Parsed goal with type classification:
@dataclass
class Goal:
    text: str
    goal_type: str      # "ml", "data", "web", etc.

    @classmethod
    def from_string(cls, text: str) -> "Goal":
        # Parse and classify

Configuration

Default Config

defaults:
  episodic:
    embedding_model: "text-embedding-3-small"
    retrieval_top_k: 5
    min_confidence: 0.5
    max_insights: 1000

  controller:
    llm_model: "gpt-4o-mini"
    fallback_models: ["gpt-4.1-mini"]
    max_error_length: 1000

  insight_extraction:
    enabled: true
    max_insight_length: 500
    default_confidence: 0.8

  briefing:
    max_episodic_insights: 5

Presets

PresetUse Case
minimalResource-constrained (100 insights)
high_qualityBetter accuracy (large embeddings)
localLocal development (localhost)
dockerDocker deployment
from src.memory.config import CognitiveMemoryConfig

config = CognitiveMemoryConfig.load(preset="high_quality")
controller = CognitiveController(config=config)

Insight Extraction

When an experiment fails, insights are extracted:
# Error: "CUDA OOM when batch_size=32"
# Extracted insight: "For GPU memory issues, reduce batch size below 32"

controller.process_result(
    success=False,
    error_message="CUDA OOM when batch_size=32",
    score=0.0,
)
# Insight stored in EpisodicStore

Decision Making

After processing results, the controller decides:
DecisionMeaning
retryTry again with modifications
pivotChange approach significantly
completeTask is done
action, meta = controller.process_result(
    success=True,
    score=0.95,
)
# action = "complete" if score meets threshold

Integration

With Context Manager

class CognitiveContextManager(ContextManager):
    def __init__(self, ..., knowledge_search):
        self.controller = CognitiveController(knowledge_search=knowledge_search)
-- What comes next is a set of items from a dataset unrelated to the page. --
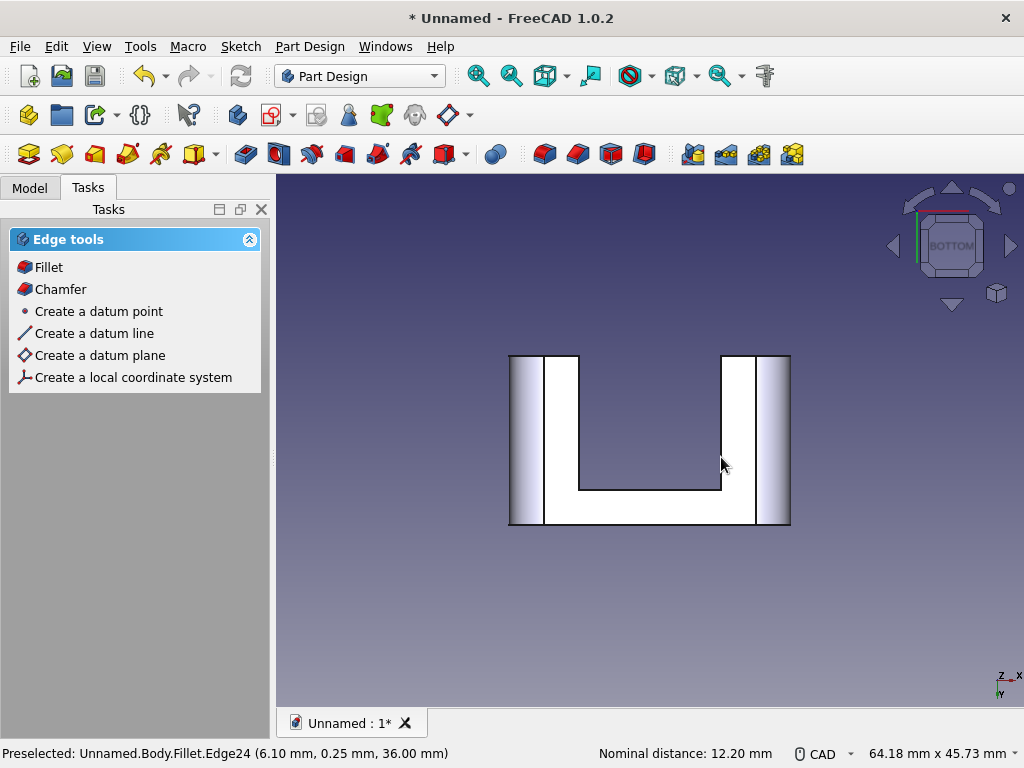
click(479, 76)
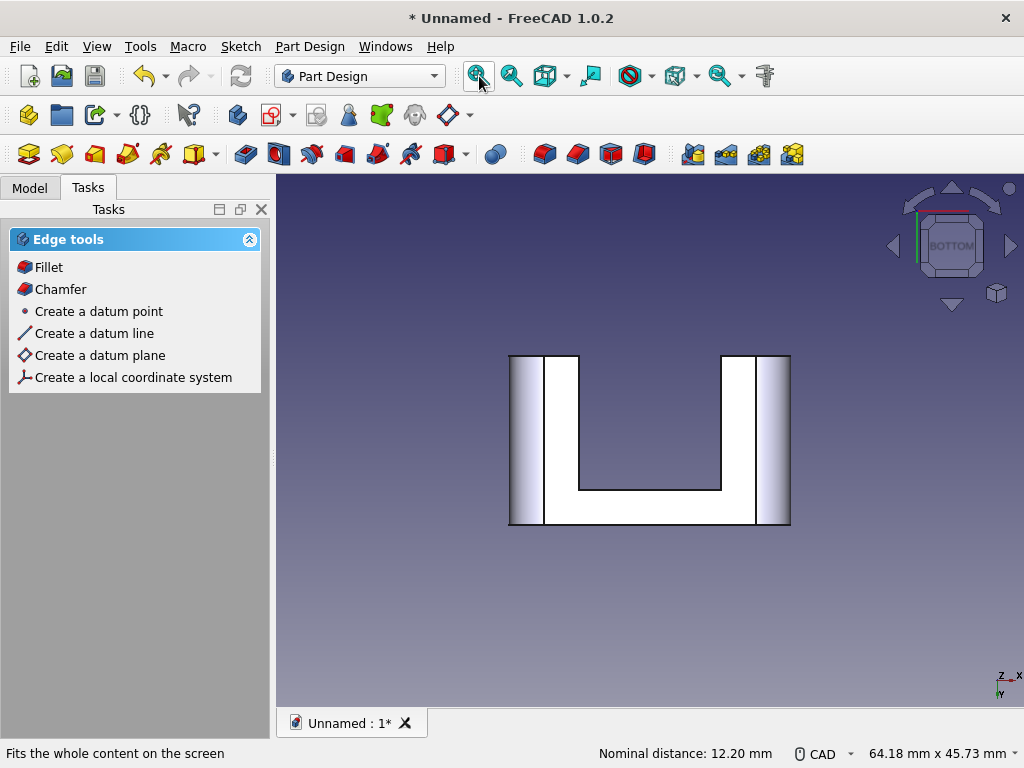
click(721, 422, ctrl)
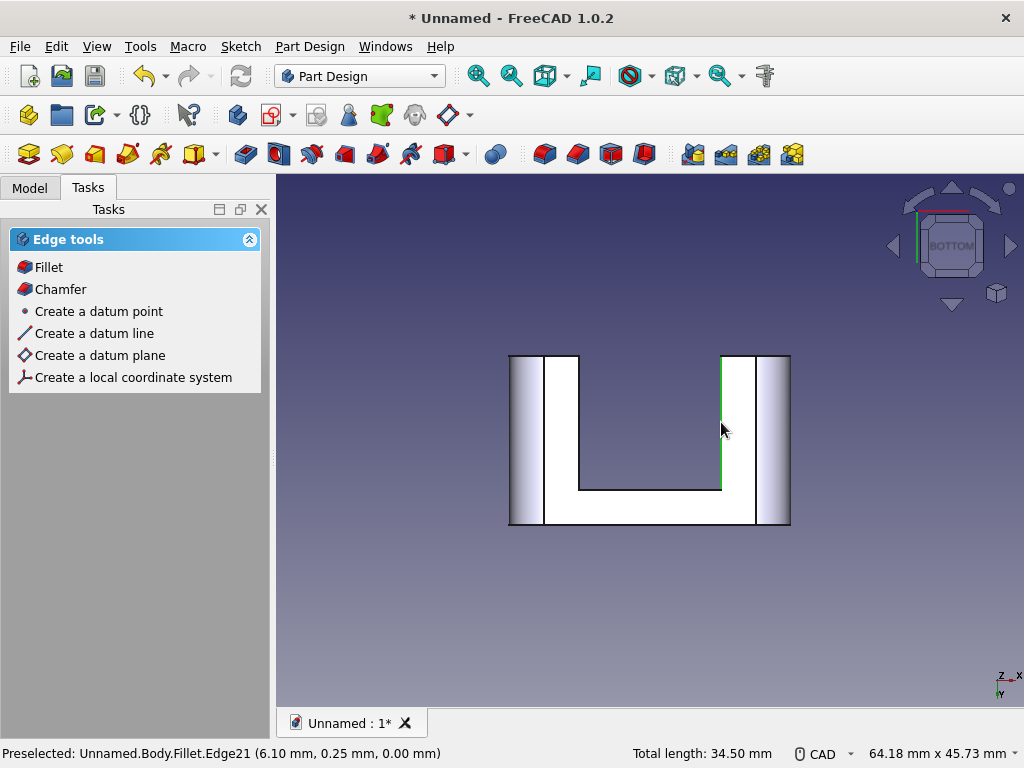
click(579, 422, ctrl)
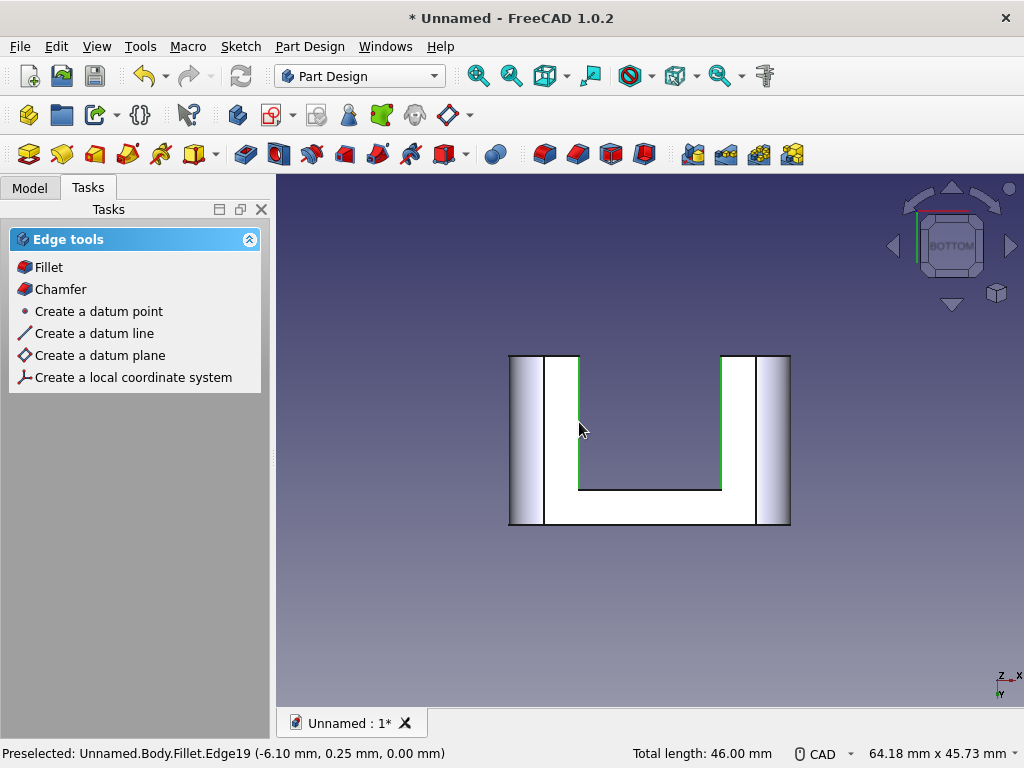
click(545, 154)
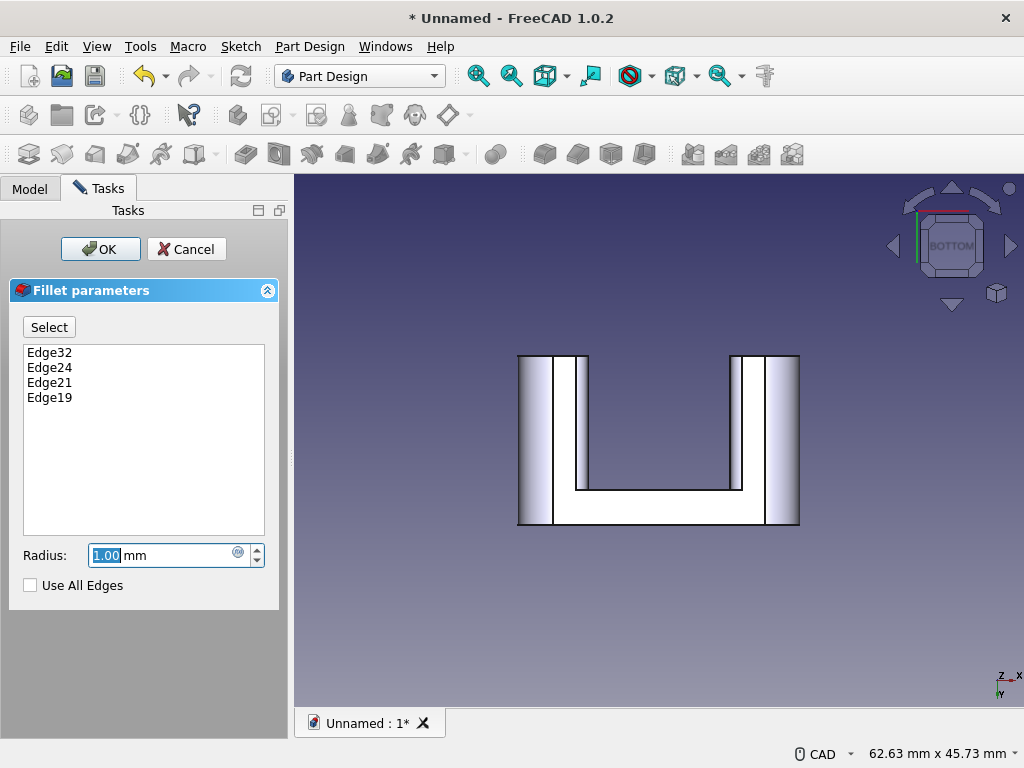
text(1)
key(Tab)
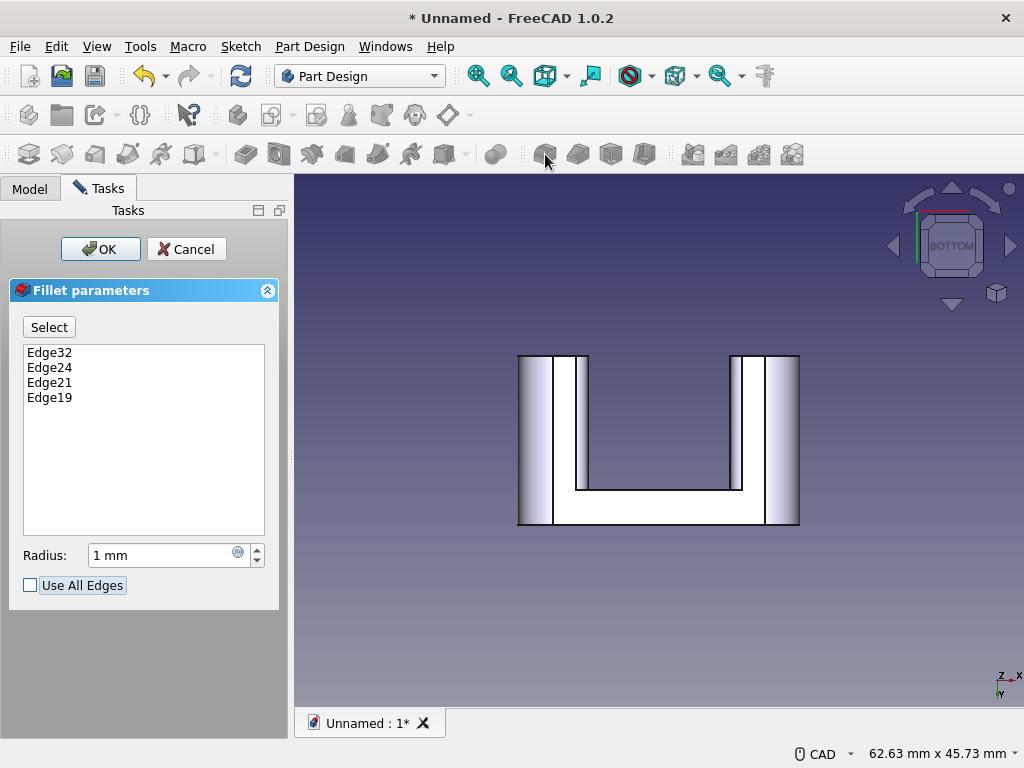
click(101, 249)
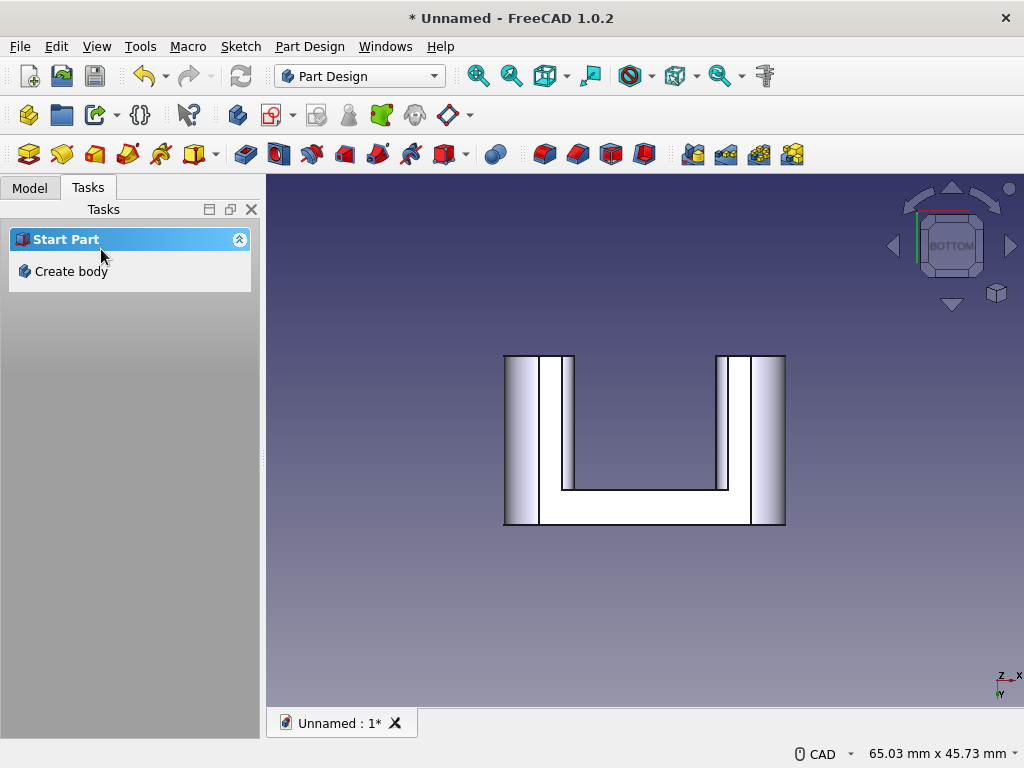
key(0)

    def get_context(self, budget_progress):
        briefing = self.controller.prepare_briefing()
        return ContextData(
            problem=self.problem_handler.get_problem_context(),
            additional_info=briefing.to_string(),
            kg_results=briefing.workflow,
        )

    def should_stop(self):
        return self.controller.last_decision == "complete"

Environment Variables

Override settings via environment:
export COGNITIVE_MEMORY_CONTROLLER_LLM_MODEL=gpt-4-turbo
export COGNITIVE_MEMORY_EPISODIC_EMBEDDING_MODEL=text-embedding-3-large

Switching Modes

The cognitive system is opt-in:
# Legacy (default)
context_manager:
  type: "token_efficient"

# Cognitive (new system)
context_manager:
  type: "cognitive"

Best Practices

Start with token_efficient for simple problems. Use cognitive for complex, multi-iteration tasks.
Insights accumulate across experiments. The system learns from failures.
Requires infrastructure (Weaviate) for full functionality. Falls back to JSON without it.